- Born: 1986 or 1987 (age 38–39) Chicago, Illinois
- Occupation: Stand-up comedian
- Years active: 2012-present
- Website: davelosso.tumblr.com

= Dave Losso =

American stand-up comedian

Dave Losso is an American stand-up comedian, writer, and comic-book artist from Chicago now living in Seattle.

Losso's 2021 Stand Up! Records album and video A Careless Whisper of a Man reached No. 2 on the iTunes comedy chart and No. 4 on Amazon's chart.

==Early life==
Losso was born and raised in the north side of Chicago, Illinois.

==Career==
===Stand-up comedy===
Losso began performing stand-up in 2012. Savage Henry Magazine called him a "joke machine".

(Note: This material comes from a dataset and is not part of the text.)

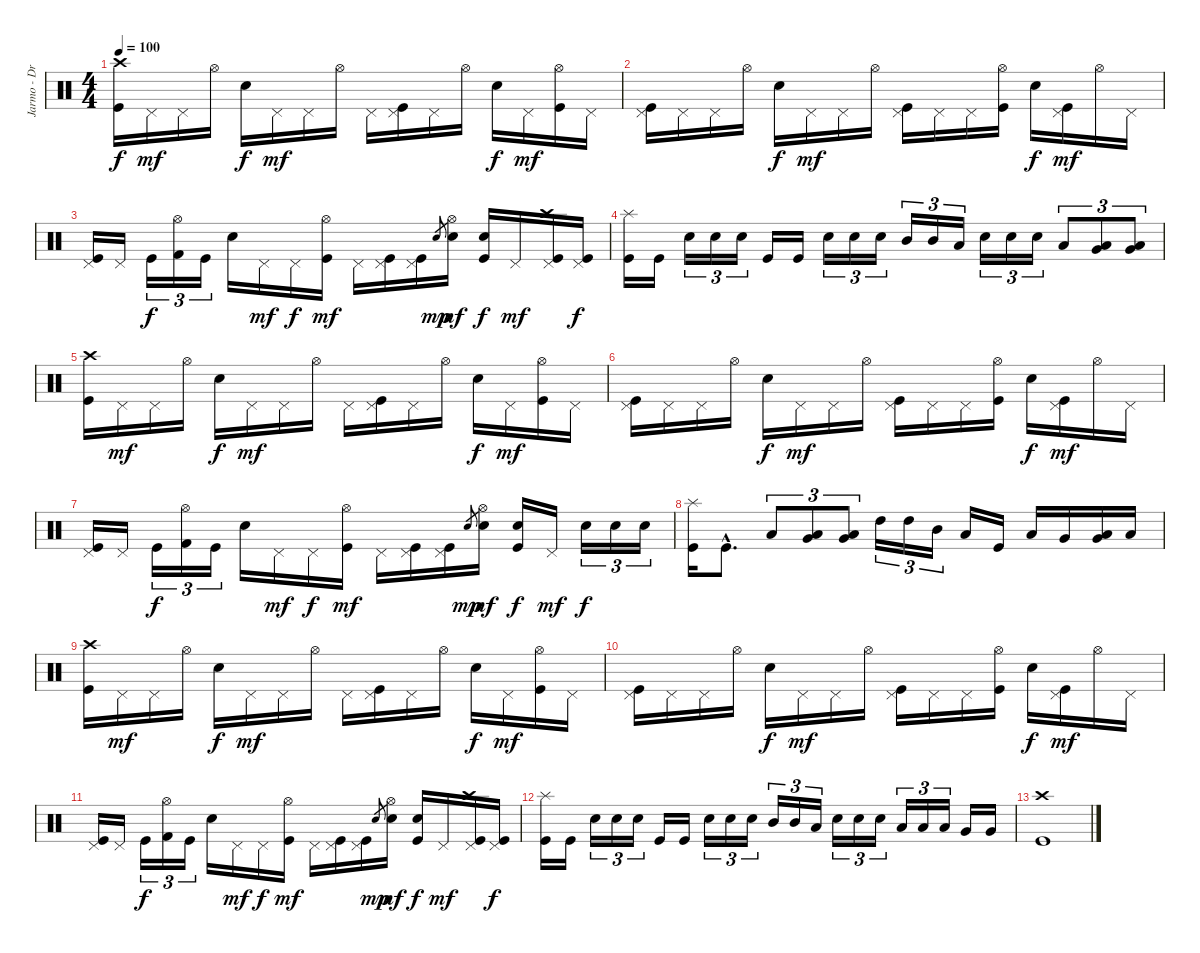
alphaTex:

In Chicago, he was a co-founder and co-host of the Yeah Buddy Awesome Time Comedy Show, co-host of Best Night Ever, and a frequent performer at longrunning show and podcast We Still Like You; Best Night Ever producer Sam Ash McHale called him "one of the funniest comics in Chicago."

While living in Denver in 2016, Losso started a new edition of We Still Like You. He has toured widely across the U.S., and has performed at the High Plains Comedy Festival, Orlando Indie Comedy Festival, Hell Yes Fest, Savage Henry Comedy Festival, Chicago Nerd Comedy Festival, Beast Village Comedy Festival, Cream City Comedy Festival, 10,000 Laughs Comedy Festival, and the Turnbuckle Comedy and Music Festival.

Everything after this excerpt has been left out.